Over the last few months, a couple of my favorite bloggers have shared their struggles with depression: Hyperbole and a Half (http://hyperboleandahalf.blogspot.com/2011/10/adventures-in-depression.html) and The Bloggess (http://thebloggess.com/2012/01/the-fight-goes-on/). These two ladies talk about their experiences with honesty and humor. I can especially relate to Hyperbole's cartoon self curled up into a little ball behind the couch, because I have been that little ball behind the couch.

I bring this up because I think it needs bringing up. About 25% of the population will experience clinical depression at some point. And in the world we live in right now, who could possibly be surprised at that? Everything seems to move faster than our feeble mortal minds can keep up with, not to mention the deplorable state of the economy, which has caused people to lose their jobs, homes, and self-respect. Can you blame anyone for being depressed? Most people won't get help, because of stigma, pride, finances, or denial, among other reasons.

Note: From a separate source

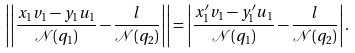<formula> <loc_0><loc_0><loc_500><loc_500>\left | \left | \frac { x _ { 1 } v _ { 1 } - y _ { 1 } u _ { 1 } } { \mathcal { N } ( q _ { 1 } ) } - \frac { l } { \mathcal { N } ( q _ { 2 } ) } \right | \right | = \left | \frac { x _ { 1 } ^ { \prime } v _ { 1 } - y _ { 1 } ^ { \prime } u _ { 1 } } { \mathcal { N } ( q _ { 1 } ) } - \frac { l } { \mathcal { N } ( q _ { 2 } ) } \right | .</formula>

Now, you have to understand, there's a difference between clinical depression and having a bad day. Depression is having a terrible, horrible, no-good very bad day 24/7 for at least two weeks running. Mine went on for about a solid year.

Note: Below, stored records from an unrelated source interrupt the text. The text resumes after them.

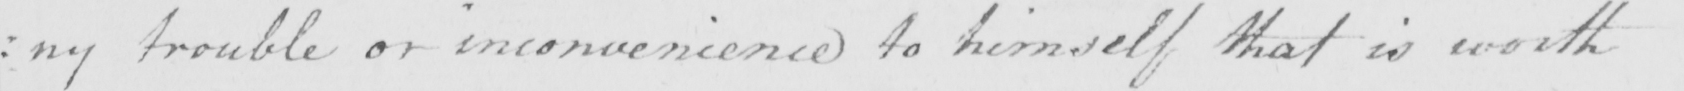Please provide the text content of this handwritten line. trouble or inconvenience to himself that is worth 
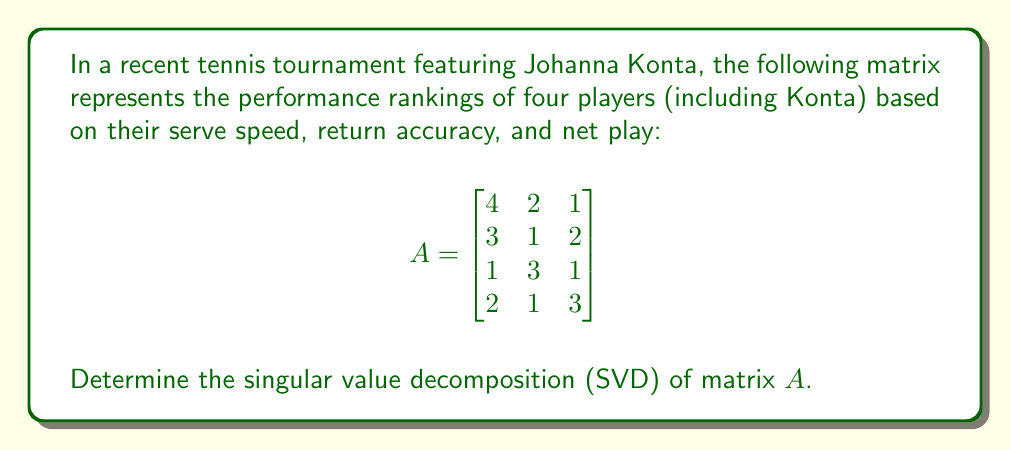Provide a solution to this math problem. To find the singular value decomposition of matrix $A$, we need to follow these steps:

1) First, calculate $A^TA$:
   $$A^TA = \begin{bmatrix}
   4 & 3 & 1 & 2 \\
   2 & 1 & 3 & 1 \\
   1 & 2 & 1 & 3
   \end{bmatrix} \begin{bmatrix}
   4 & 2 & 1 \\
   3 & 1 & 2 \\
   1 & 3 & 1 \\
   2 & 1 & 3
   \end{bmatrix} = \begin{bmatrix}
   30 & 15 & 17 \\
   15 & 15 & 9 \\
   17 & 9 & 15
   \end{bmatrix}$$

2) Find the eigenvalues of $A^TA$ by solving $\det(A^TA - \lambda I) = 0$:
   $$\det\begin{bmatrix}
   30-\lambda & 15 & 17 \\
   15 & 15-\lambda & 9 \\
   17 & 9 & 15-\lambda
   \end{bmatrix} = 0$$

   This yields the characteristic equation:
   $-\lambda^3 + 60\lambda^2 - 675\lambda + 900 = 0$

   Solving this equation gives us:
   $\lambda_1 \approx 50.52$, $\lambda_2 \approx 8.48$, $\lambda_3 \approx 1$

3) The singular values are the square roots of these eigenvalues:
   $\sigma_1 \approx 7.11$, $\sigma_2 \approx 2.91$, $\sigma_3 = 1$

4) To find the right singular vectors, we solve $(A^TA - \lambda_i I)v_i = 0$ for each $\lambda_i$:
   
   For $\lambda_1$: $v_1 \approx [0.707, 0.408, 0.577]^T$
   For $\lambda_2$: $v_2 \approx [-0.707, 0.707, 0]^T$
   For $\lambda_3$: $v_3 \approx [0, -0.577, 0.816]^T$

5) The left singular vectors are given by $u_i = \frac{1}{\sigma_i}Av_i$:
   
   $u_1 \approx [0.620, 0.507, 0.388, 0.453]^T$
   $u_2 \approx [-0.284, -0.452, 0.776, -0.341]^T$
   $u_3 \approx [0.426, -0.630, 0.197, -0.615]^T$

6) The SVD of $A$ is then given by $A = U\Sigma V^T$, where:

   $U = [u_1 \; u_2 \; u_3]$
   $\Sigma = \begin{bmatrix}
   7.11 & 0 & 0 \\
   0 & 2.91 & 0 \\
   0 & 0 & 1 \\
   0 & 0 & 0
   \end{bmatrix}$
   $V = [v_1 \; v_2 \; v_3]$
Answer: $A = U\Sigma V^T$, where $U \approx [0.620, -0.284, 0.426; 0.507, -0.452, -0.630; 0.388, 0.776, 0.197; 0.453, -0.341, -0.615]$, $\Sigma \approx \text{diag}(7.11, 2.91, 1, 0)$, and $V \approx [0.707, -0.707, 0; 0.408, 0.707, -0.577; 0.577, 0, 0.816]$.

Yes. I spent a year in one terrible, horrible, no good very bad day, where I ran off to the bathroom at work so I could go cry - for no good reason, except that I just felt like it. This was the nadir of many years of denial. (The irony is that at the time, I worked for a mental health organization.)

Yes again. I did say YEARS. When I finally got help and came out the other side, I was like, what the hell took me so long? And that's one of the bizarre things about depression: you don't know how sick you really were till you get better. It's cruel, for sure, but that's how it is. While depression is a temporary situation for most people, for others (like me) it's chronic, and the best we can do is manage it.

It's been over 10 years now. I should have gotten help 10 years before that. It was one of the best things I ever did. I have the tools now to recognize when things aren't right and the knowledge to fix them, or at least take care of myself till it passes. So I guess what I'm saying to you is, if you're having a perpetual 24/7 Bad Day, don't ignore it. Don't wait to get help. DON'T SUFFER. Visit the Mental Health America website at www.nmha.org and look for the affiliate office nearest you. Call them. They can put you in touch with the resources you need, so don't assume that because you're broke and/or have no insurance, you can't get help. Chances are, you can, and you'll be glad you did.